No algea (or very few). On the picture you can see 2 or 3 bubble but those died a long time ago and still doesn't took them out.

What else, oh yeah... I have a small rock with some zoanthids who didn't open for few days. I was not worry to much because they growing. I finally took to piece out and discover a worm in the rock eating them. Hope my zoanthids will reopen soon.

Till some other news, thanks for reading.


----------



## Morainy (Apr 21, 2010)

Hi, Livai
Your tank is spectacular! A work of art and science. 

What's Cheato?


----------



## lotus (Apr 22, 2010)

I like how simple it looks and it doesn't look like a 2 gallon!


----------



## yvr75 (May 21, 2010)

Hey Phil,

Your tank is coming along nicely.

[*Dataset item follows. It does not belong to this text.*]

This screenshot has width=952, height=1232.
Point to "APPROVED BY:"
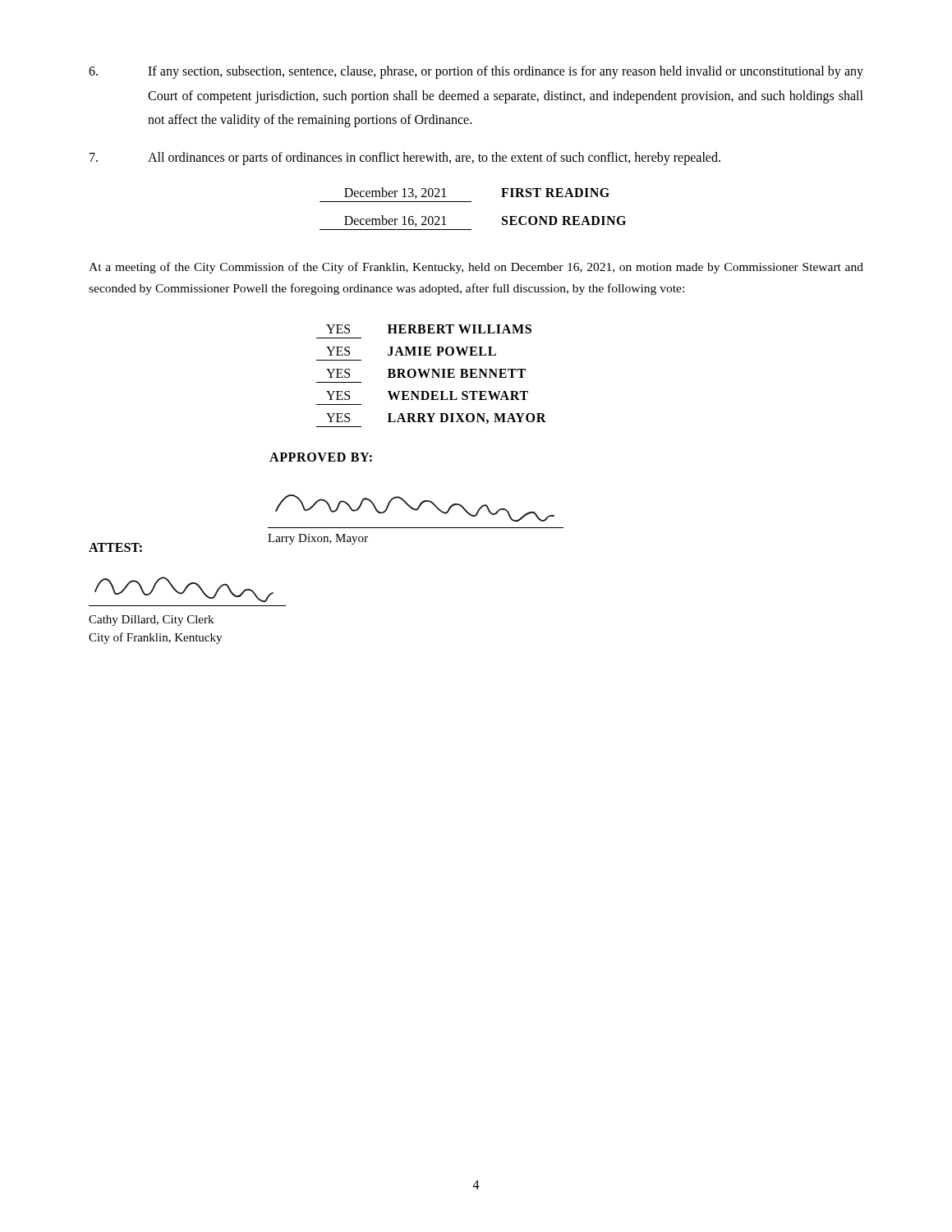(x=321, y=457)

Keep up the good work.


----------



## livai (Nov 28, 2011)

Thanks Morainy but even if I really like my tank, I know a lot more beautifull reef than mine....oh yeah  (Cheato is an algea).

Thanks Lotus and yes I try to keep my tank as simple as I can. Maybe (even if I spend some x00$) that will be an incentive for people who want to start a reef for "cheap". I'm really happy with the choice of my live stock, a lot of nice color even if those "corals" are for beginner.

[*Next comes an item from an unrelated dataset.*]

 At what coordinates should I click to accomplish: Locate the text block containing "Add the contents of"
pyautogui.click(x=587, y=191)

Thanks yvr75, I'll keep an eye on your tank too. Your setup is exactly where I would like to go, simple and sooooooo beautifull.

For people who want to see what is possible to do with those tiny tank, look at this Andrewkw - Featured Reef Profiles - Nano-Reef.com
I think it's too much stock for me and mix lps, sps etc... it's a little bit crazy for a picoreef but for sure you can do a lot.


----------



## livai (Nov 28, 2011)

Hello all,

Some news about my pico reef.

Everything is going well.

Ricordea florida grow, not that much, but they grow. I decide to cut one who was big with two mouth. Both are fine and it looks I did my first fragging pretty well 

Zoanthids are going well too. They are some who grow fast and others who don't seems to want expand. I don't care so much because I have a lot of time and they still looks beautifull. Oh yeah, and those who didn't wants to open for few days (I talked about them on my last post) are now ok too.

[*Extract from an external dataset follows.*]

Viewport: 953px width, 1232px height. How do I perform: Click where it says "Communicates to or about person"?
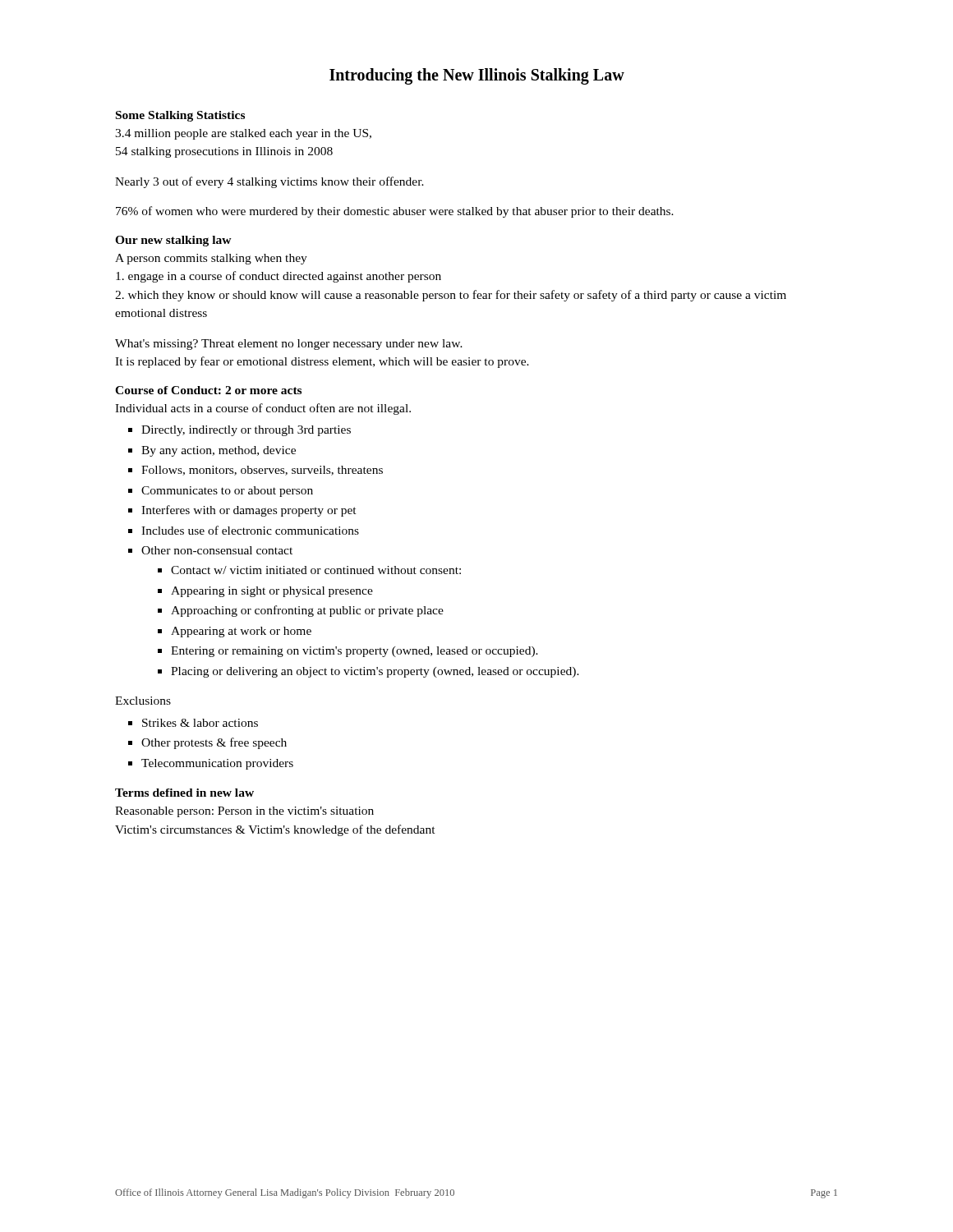pos(227,490)

Green star polyps grow like weed. Almost one more polyp per 1 or 2 days. I really love them.

More hardy. My rainbow montipora are still not looking good but still alive. I tryed different place in my tank but it looks it's not for me or not for a pico tank like mine. Will see.

I have a lot of coraline who totally "explode" in my tank. Good sign and nice more color...and more work to take them out of my glass.

But the best for the end. What I'm really proud... my plate montipora. The color is still super green and all polyps are fully extended. He's growing well too...will see where 

To follow...

PS: sorry, no picture this time, my camera is with a friend of me in Patagonia


----------



## mcrocker (May 29, 2010)

What do you feed the crab and snail, and do you dose anything else to provide nutrients for the coral?


----------



## livai (Nov 28, 2011)

I don't feed crab and snail, I let them doing their job in the tank and they looks healthy. But there is a story about snail. When I started my tank, I buyed to much live rock. I didn't want to loose them so I decided to put these rock in an other 2G (in case) with a small powerhead. I moved the cerith an the small astrea to this tank before to much competition start between all my scavenger. Everyone looks fine. So now, I have 1 astrea and 1 blue legs in the main tank.

I don't provide nutrients for the coral. First, I'm really happy with my salt who doing the job. Second, my tank is very small an adding something is alway more tricky than a bigger one. Third, my coral are still small so they don't require addition. But will see in the future, maybe a super tiny dose of phytoplankton will make them more happy when they will be more bigger.


----------